By dinnertime I'd all but forgotten about the huge mess I was in with Marta and Trixie. I felt calm and full of hope. I couldn't wait to get back into those tunnels and find what I knew was down there and then sell it all on eBay for a million bucks.

I looked up from my notes. “What if there's a secret chamber?”

Felix shook his head, clueless as usual. Pen had the same look.

“It's full of underground hot springs here.” The more I thought about it, the more excited I was. “What if there's a chamber even farther down where he practiced his escapes and kept his journals—huh—journals that could be worth a fortune?”

Mom was at the stove, cooking what she'd called “mac and cheese,” but the longer it took, the more I suspected she was trying to hide vegetables in the mac and cheese. “You know, you might be right,” she said. “The water flows from under this property across the street and all the way to the old Flynn property.”

Felix got up and tried to take a look. “Are you hiding stuff in the mac and cheese, Mom?”

“Go away!” She swatted him, and we all sank a little lower, saddened and more than a little angry. We'd told her so many times that we could tell when she shoved some nasty vegetable into perfectly good pasta. We even threw away the cookbook teaching her which vegetables were the easiest to hide, but still she did it.
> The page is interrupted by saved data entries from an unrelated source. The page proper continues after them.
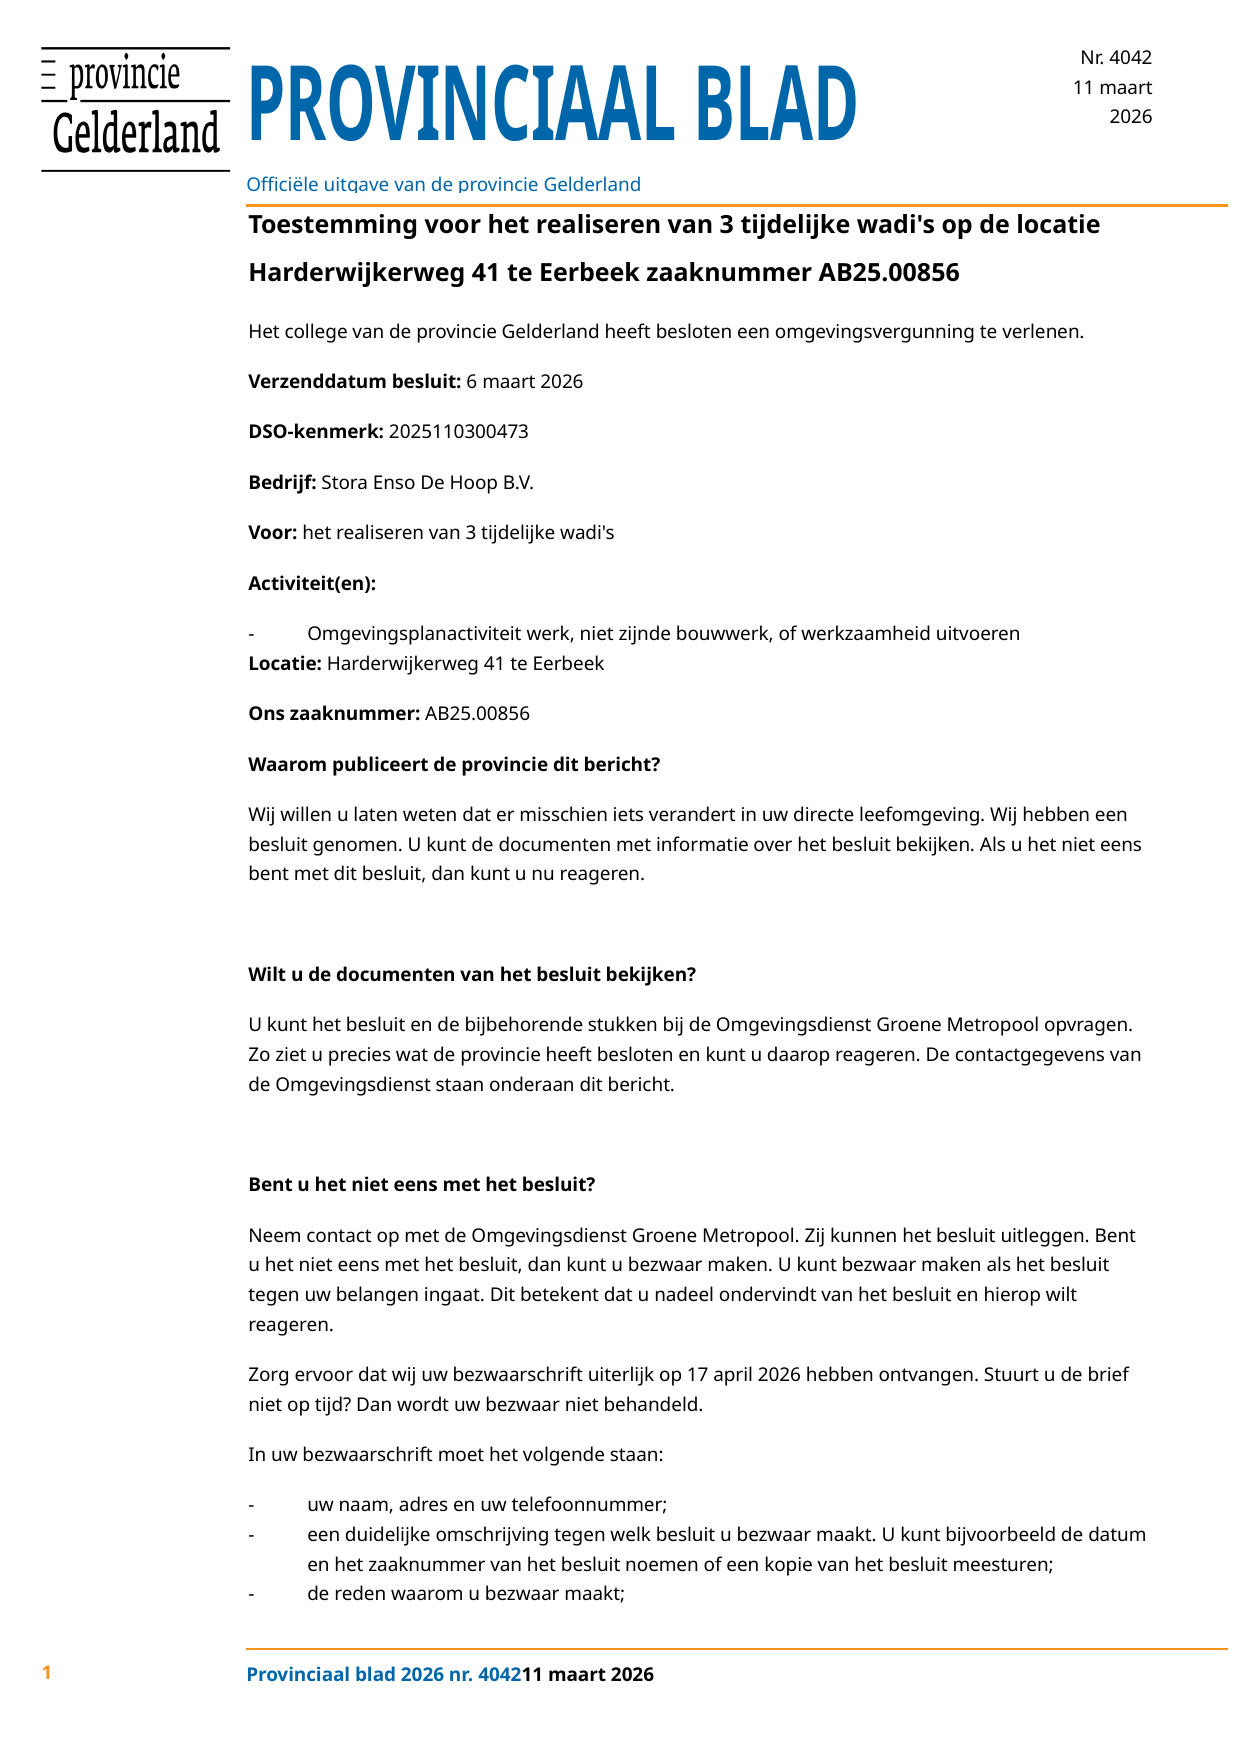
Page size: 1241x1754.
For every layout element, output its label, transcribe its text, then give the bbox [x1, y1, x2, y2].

list Omgevingsplanactiviteit werk, niet zijnde bouwwerk, of werkzaamheid uitvoeren [248, 620, 1152, 646]
text Verzenddatum besluit: 6 maart 2026 [248, 368, 1152, 394]
text Wij willen u laten weten dat er misschien iets verandert in uw directe leefomgeving. Wij hebben een besluit genomen. U kunt de documenten met informatie over het besluit bekijken. Als u het niet eens bent met dit besluit, dan kunt u nu reageren. [248, 801, 1152, 886]
text Bedrijf: Stora Enso De Hoop B.V. [248, 469, 1152, 495]
text Het college van de provincie Gelderland heeft besloten een omgevingsvergunning te verlenen. [248, 318, 1152, 344]
text Wilt u de documenten van het besluit bekijken? [248, 961, 1152, 987]
text DSO-kenmerk: 2025110300473 [248, 419, 1152, 444]
list de reden waarom u bezwaar maakt; [248, 1580, 1152, 1606]
text Zorg ervoor dat wij uw bezwaarschrift uiterlijk op 17 april 2026 hebben ontvangen. Stuurt u de brief niet op tijd? Dan wordt uw bezwaar niet behandeld. [248, 1361, 1152, 1417]
text In uw bezwaarschrift moet het volgende staan: [248, 1441, 1152, 1467]
text Voor: het realiseren van 3 tijdelijke wadi's [248, 519, 1152, 545]
text Neem contact op met de Omgevingsdienst Groene Metropool. Zij kunnen het besluit uitleggen. Bent u het niet eens met het besluit, dan kunt u bezwaar maken. U kunt bezwaar maken als het besluit tegen uw belangen ingaat. Dit betekent dat u nadeel ondervindt van het besluit en hierop wilt reageren. [248, 1222, 1152, 1337]
text Toestemming voor het realiseren van 3 tijdelijke wadi's op de locatie Harderwijkerweg 41 te Eerbeek zaaknummer AB25.00856 [248, 207, 1152, 288]
text Ons zaaknummer: AB25.00856 [248, 700, 1152, 726]
text U kunt het besluit en de bijbehorende stukken bij de Omgevingsdienst Groene Metropool opvragen. Zo ziet u precies wat de provincie heeft besloten en kunt u daarop reageren. De contactgegevens van de Omgevingsdienst staan onderaan dit bericht. [248, 1012, 1152, 1097]
text Bent u het niet eens met het besluit? [248, 1172, 1152, 1197]
text Waarom publiceert de provincie dit bericht? [248, 751, 1152, 777]
list een duidelijke omschrijving tegen welk besluit u bezwaar maakt. U kunt bijvoorbeeld de datum en het zaaknummer van het besluit noemen of een kopie van het besluit meesturen; [248, 1521, 1152, 1577]
list uw naam, adres en uw telefoonnummer; [248, 1492, 1152, 1517]
picture [41, 47, 231, 172]
text Activiteit(en): [248, 570, 1152, 596]
text Locatie: Harderwijkerweg 41 te Eerbeek [248, 650, 1152, 676]
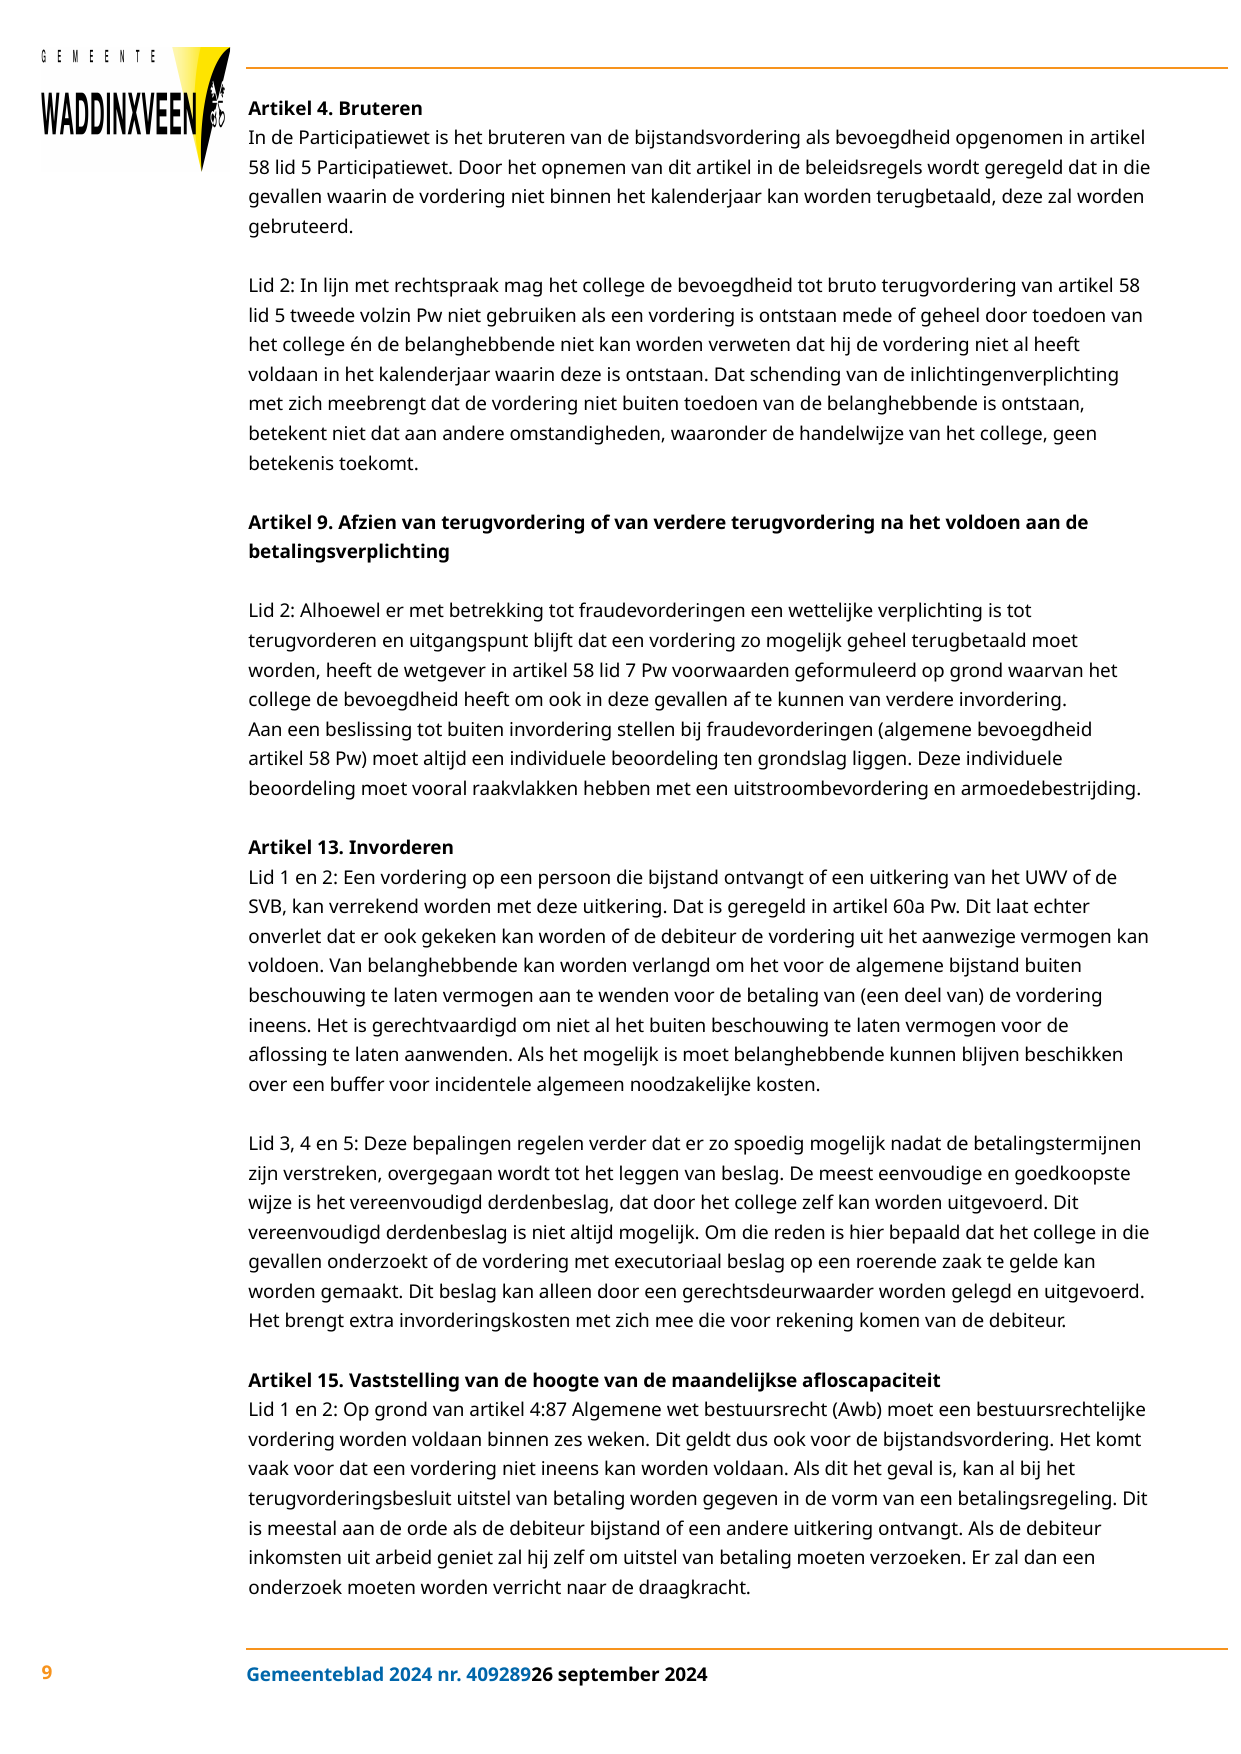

Pen tossed her napkin on the floor. “I hate when she does this.”

“Tell me about it.” Dad rolled his eyes.

“Yum, yum, yum!” Mom brought over the steaming pot of nastiness. I could smell the sweet potatoes before the pot even got to the table. I was devastated. Why ruin a wonderful dish? Why? She served us huge portions of it, but no one picked up their fork.

“So, baby,” Mom said, eating it like it was gnocchi with
real
cheese, “what's happened with Trixie?”

I didn't really want to talk about it, because it just kept getting worse. “She says she's going to practice and win.” I gagged.

“Don't believe it.” Mom kept eating.

Dad raised his glass. “Let the best girl win.” Then he took a bite of the fake mac and cheese and ran like he was covered in bugs.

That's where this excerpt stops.